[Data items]

════════════════════

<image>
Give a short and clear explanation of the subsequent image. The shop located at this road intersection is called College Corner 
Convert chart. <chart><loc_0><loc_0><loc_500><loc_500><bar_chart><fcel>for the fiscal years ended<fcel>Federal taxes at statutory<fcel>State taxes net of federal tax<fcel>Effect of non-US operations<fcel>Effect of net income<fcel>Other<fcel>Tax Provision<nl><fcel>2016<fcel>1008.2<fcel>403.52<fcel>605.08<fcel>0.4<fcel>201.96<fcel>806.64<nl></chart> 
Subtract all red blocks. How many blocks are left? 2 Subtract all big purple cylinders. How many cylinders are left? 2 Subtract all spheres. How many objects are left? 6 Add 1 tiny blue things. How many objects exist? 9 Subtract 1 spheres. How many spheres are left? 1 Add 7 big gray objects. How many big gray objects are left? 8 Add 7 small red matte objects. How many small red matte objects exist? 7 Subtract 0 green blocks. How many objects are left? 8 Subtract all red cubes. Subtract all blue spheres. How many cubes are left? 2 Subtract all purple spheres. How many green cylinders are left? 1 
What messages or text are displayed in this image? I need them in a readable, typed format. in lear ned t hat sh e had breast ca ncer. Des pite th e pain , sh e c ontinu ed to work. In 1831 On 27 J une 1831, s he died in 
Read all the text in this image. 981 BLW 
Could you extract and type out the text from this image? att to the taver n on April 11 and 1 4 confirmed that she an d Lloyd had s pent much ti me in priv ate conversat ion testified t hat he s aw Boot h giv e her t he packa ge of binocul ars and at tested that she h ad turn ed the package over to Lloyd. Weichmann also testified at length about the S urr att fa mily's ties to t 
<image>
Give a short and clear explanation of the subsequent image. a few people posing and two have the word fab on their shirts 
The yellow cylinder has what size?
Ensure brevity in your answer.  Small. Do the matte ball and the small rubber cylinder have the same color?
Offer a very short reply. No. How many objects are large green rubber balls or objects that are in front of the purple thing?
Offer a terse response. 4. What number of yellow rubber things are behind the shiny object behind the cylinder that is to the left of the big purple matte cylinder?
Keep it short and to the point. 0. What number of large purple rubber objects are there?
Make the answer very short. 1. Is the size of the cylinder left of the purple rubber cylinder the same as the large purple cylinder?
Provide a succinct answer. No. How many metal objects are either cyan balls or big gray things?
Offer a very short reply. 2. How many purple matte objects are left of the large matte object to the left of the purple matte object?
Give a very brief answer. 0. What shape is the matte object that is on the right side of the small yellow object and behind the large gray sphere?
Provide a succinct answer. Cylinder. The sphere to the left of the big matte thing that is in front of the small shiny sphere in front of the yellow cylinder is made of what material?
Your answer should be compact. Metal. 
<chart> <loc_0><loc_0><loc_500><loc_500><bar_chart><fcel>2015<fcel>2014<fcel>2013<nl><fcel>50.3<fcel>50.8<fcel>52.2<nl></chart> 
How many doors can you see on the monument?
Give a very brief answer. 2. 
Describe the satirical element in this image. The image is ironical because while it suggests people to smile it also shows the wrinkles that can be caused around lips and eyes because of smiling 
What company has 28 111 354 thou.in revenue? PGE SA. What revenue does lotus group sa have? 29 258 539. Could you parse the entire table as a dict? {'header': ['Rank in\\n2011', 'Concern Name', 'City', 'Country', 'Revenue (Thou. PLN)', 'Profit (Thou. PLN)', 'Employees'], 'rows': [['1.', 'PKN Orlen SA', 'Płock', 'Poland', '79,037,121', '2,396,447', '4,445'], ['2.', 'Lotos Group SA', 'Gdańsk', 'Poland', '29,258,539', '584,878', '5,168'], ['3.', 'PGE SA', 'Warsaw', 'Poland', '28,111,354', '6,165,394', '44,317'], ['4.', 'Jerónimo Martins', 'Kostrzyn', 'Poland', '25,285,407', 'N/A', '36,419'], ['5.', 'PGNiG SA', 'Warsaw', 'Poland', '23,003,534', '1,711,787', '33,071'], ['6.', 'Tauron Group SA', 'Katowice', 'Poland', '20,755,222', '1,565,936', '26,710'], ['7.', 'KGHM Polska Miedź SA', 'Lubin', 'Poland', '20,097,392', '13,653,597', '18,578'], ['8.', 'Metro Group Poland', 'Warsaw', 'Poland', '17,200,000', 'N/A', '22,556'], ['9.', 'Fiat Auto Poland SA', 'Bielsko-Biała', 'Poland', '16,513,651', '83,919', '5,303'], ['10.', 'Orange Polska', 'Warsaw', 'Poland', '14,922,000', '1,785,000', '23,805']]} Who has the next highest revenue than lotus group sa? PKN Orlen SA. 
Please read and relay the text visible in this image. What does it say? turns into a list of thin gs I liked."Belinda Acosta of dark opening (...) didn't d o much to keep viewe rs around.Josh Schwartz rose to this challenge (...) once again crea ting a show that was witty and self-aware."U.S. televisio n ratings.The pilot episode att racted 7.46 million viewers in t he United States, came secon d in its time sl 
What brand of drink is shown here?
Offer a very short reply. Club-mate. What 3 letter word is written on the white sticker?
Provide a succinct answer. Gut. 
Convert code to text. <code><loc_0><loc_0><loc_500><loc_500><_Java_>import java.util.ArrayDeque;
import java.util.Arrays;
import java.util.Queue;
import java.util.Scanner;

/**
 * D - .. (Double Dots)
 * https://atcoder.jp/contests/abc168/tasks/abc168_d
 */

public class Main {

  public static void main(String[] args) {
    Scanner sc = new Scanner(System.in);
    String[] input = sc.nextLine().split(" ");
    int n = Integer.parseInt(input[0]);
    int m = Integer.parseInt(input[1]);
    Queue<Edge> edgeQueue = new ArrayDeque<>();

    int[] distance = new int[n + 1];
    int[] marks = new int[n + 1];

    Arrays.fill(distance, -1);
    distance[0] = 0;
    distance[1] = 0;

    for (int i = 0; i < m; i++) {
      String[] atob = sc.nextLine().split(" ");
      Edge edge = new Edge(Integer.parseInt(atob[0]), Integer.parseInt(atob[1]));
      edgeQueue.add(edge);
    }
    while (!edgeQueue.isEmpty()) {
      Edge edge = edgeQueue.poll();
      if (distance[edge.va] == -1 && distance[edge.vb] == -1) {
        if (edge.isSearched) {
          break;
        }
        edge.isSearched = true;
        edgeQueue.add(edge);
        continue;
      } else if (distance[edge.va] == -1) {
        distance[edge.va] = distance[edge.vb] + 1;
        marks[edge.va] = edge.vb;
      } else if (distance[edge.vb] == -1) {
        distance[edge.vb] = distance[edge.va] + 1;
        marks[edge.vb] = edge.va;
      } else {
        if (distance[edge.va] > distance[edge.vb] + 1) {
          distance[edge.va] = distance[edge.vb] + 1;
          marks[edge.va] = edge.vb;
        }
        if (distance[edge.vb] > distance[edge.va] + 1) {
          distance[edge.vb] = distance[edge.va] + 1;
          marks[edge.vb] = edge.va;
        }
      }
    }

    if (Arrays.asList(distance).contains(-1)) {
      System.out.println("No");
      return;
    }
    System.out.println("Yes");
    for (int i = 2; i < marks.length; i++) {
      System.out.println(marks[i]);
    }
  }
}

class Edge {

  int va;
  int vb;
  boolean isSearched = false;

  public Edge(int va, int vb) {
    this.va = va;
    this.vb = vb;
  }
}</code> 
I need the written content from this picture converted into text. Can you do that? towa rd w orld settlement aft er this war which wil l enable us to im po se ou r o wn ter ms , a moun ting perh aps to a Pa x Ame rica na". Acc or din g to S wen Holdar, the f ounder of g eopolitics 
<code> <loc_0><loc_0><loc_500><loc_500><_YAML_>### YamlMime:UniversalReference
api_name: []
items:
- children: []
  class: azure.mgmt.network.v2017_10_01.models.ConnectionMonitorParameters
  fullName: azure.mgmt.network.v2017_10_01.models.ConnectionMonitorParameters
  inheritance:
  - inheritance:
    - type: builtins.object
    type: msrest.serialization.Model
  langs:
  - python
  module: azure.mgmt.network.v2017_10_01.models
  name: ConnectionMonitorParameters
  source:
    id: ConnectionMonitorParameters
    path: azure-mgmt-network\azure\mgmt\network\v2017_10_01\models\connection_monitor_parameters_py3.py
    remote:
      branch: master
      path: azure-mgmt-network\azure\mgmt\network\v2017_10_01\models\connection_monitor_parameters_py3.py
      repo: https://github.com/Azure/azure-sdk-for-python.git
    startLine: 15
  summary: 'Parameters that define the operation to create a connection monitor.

════════════════════

[Work order]: Taking the entries above, restate exactly those lines that fall between the line with "Give a very brief answer. 2." and the line with "Describe the satirical", keeping both of those lines too.

[Response for this exercise]:
Give a very brief answer. 2. 
Describe the satirical element in this image. The image is ironical because while it suggests people to smile it also shows the wrinkles that can be caused around lips and eyes because of smiling 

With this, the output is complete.